17. After examining the contentions, the Tribunal held that in their view the process of putting together the two types of commodities i.e. aluminium medium and aluminium paste separately packed but in the same container could not be held as manufacture in terms of Section 2(f) of the Central Excises & Salt Act, 1944. It was therefore, held that the Collector (Appeals) was right in holding that inasmuch as the respondents before the Tribunal manufactured only aluminium medium and duty was liable to be paid on that product only.

18. Material facts in the present case are essentially the same as in this case although there might be some difference in details i.e. in the case of Kalinga Paints supra packing of the two separate products was done outside the factory whereas packing of the two products is done within the factory but this in my view is not material to the question whether the process undertaken by the appellant is a process of manufacture or not.
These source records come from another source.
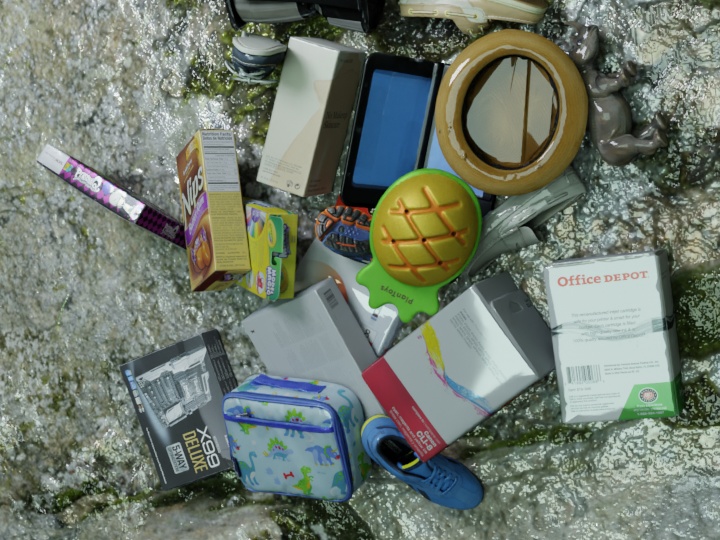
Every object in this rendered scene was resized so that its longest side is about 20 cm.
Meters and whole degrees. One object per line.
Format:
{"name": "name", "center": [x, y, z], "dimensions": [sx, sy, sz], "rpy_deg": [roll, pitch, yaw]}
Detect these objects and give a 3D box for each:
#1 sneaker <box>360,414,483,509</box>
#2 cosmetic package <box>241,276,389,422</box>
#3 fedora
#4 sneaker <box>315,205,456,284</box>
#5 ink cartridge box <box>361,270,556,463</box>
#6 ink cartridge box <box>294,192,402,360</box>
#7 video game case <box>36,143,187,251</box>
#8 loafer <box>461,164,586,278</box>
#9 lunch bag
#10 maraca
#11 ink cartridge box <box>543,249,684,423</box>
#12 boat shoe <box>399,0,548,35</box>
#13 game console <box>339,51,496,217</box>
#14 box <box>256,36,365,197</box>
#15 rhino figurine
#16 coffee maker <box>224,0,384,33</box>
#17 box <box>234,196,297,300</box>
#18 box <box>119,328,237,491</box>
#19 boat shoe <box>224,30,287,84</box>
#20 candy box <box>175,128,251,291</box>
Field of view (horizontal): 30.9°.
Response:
{"name": "sneaker", "center": [0.084, 0.264, 1.706], "dimensions": [0.200, 0.078, 0.066], "rpy_deg": [36, 93, -17]}
{"name": "cosmetic package", "center": [-0.054, 0.125, 1.771], "dimensions": [0.150, 0.052, 0.201], "rpy_deg": [-23, 100, 37]}
{"name": "fedora", "center": [0.186, -0.195, 1.609], "dimensions": [0.199, 0.082, 0.202], "rpy_deg": [1, 99, 7]}
{"name": "sneaker", "center": [0.038, -0.032, 1.713], "dimensions": [0.199, 0.078, 0.076], "rpy_deg": [22, 82, 1]}
{"name": "ink cartridge box", "center": [0.136, 0.119, 1.665], "dimensions": [0.200, 0.145, 0.145], "rpy_deg": [-40, 81, 24]}
{"name": "ink cartridge box", "center": [0.000, 0.000, 1.768], "dimensions": [0.162, 0.050, 0.201], "rpy_deg": [29, 111, 19]}
{"name": "video game case", "center": [-0.337, -0.099, 1.833], "dimensions": [0.181, 0.200, 0.036], "rpy_deg": [31, 89, 19]}
{"name": "loafer", "center": [0.201, -0.057, 1.653], "dimensions": [0.200, 0.070, 0.070], "rpy_deg": [-47, 70, 21]}
{"name": "lunch bag", "center": [-0.089, 0.224, 1.764], "dimensions": [0.199, 0.082, 0.162], "rpy_deg": [5, 114, 31]}
{"name": "maraca", "center": [0.073, -0.031, 1.627], "dimensions": [0.136, 0.107, 0.201], "rpy_deg": [24, 107, 1]}
{"name": "ink cartridge box", "center": [0.315, 0.079, 1.607], "dimensions": [0.146, 0.083, 0.201], "rpy_deg": [-5, 95, 22]}
{"name": "boat shoe", "center": [0.141, -0.335, 1.651], "dimensions": [0.199, 0.074, 0.067], "rpy_deg": [18, 117, 24]}
{"name": "game console", "center": [0.089, -0.163, 1.667], "dimensions": [0.175, 0.116, 0.201], "rpy_deg": [17, 104, 23]}
{"name": "box", "center": [-0.066, -0.207, 1.748], "dimensions": [0.077, 0.095, 0.201], "rpy_deg": [20, 106, 20]}
{"name": "rhino figurine", "center": [0.297, -0.219, 1.593], "dimensions": [0.087, 0.060, 0.201], "rpy_deg": [-33, 79, 33]}
{"name": "coffee maker", "center": [-0.078, -0.396, 1.675], "dimensions": [0.199, 0.192, 0.136], "rpy_deg": [4, 66, 17]}
{"name": "box", "center": [-0.134, -0.031, 1.766], "dimensions": [0.200, 0.048, 0.118], "rpy_deg": [-155, 66, -64]}
{"name": "box", "center": [-0.250, 0.206, 1.912], "dimensions": [0.157, 0.050, 0.201], "rpy_deg": [-21, 87, 26]}
{"name": "boat shoe", "center": [-0.141, -0.279, 1.723], "dimensions": [0.074, 0.200, 0.062], "rpy_deg": [11, 102, -11]}
{"name": "candy box", "center": [-0.205, -0.082, 1.796], "dimensions": [0.117, 0.056, 0.201], "rpy_deg": [147, 119, -62]}

Hence I am of the view that no separate duty is leviable after adding the value of the bought out item i.e. the catalyst, as held by the lower authorities.

19. On question No. 3 before me, I agree with the ld. Judicial Member that the impugned order was required to be set aside and the appeal was required to be allowed with consequential relief to the appellants. This being the position on merits, in my view I need not go into the question of time bar as held by the ld. Vice President.

20. In view of the majority opinion, the impugned order is set aside and the appeal is allowed with consequential relief to the appellants.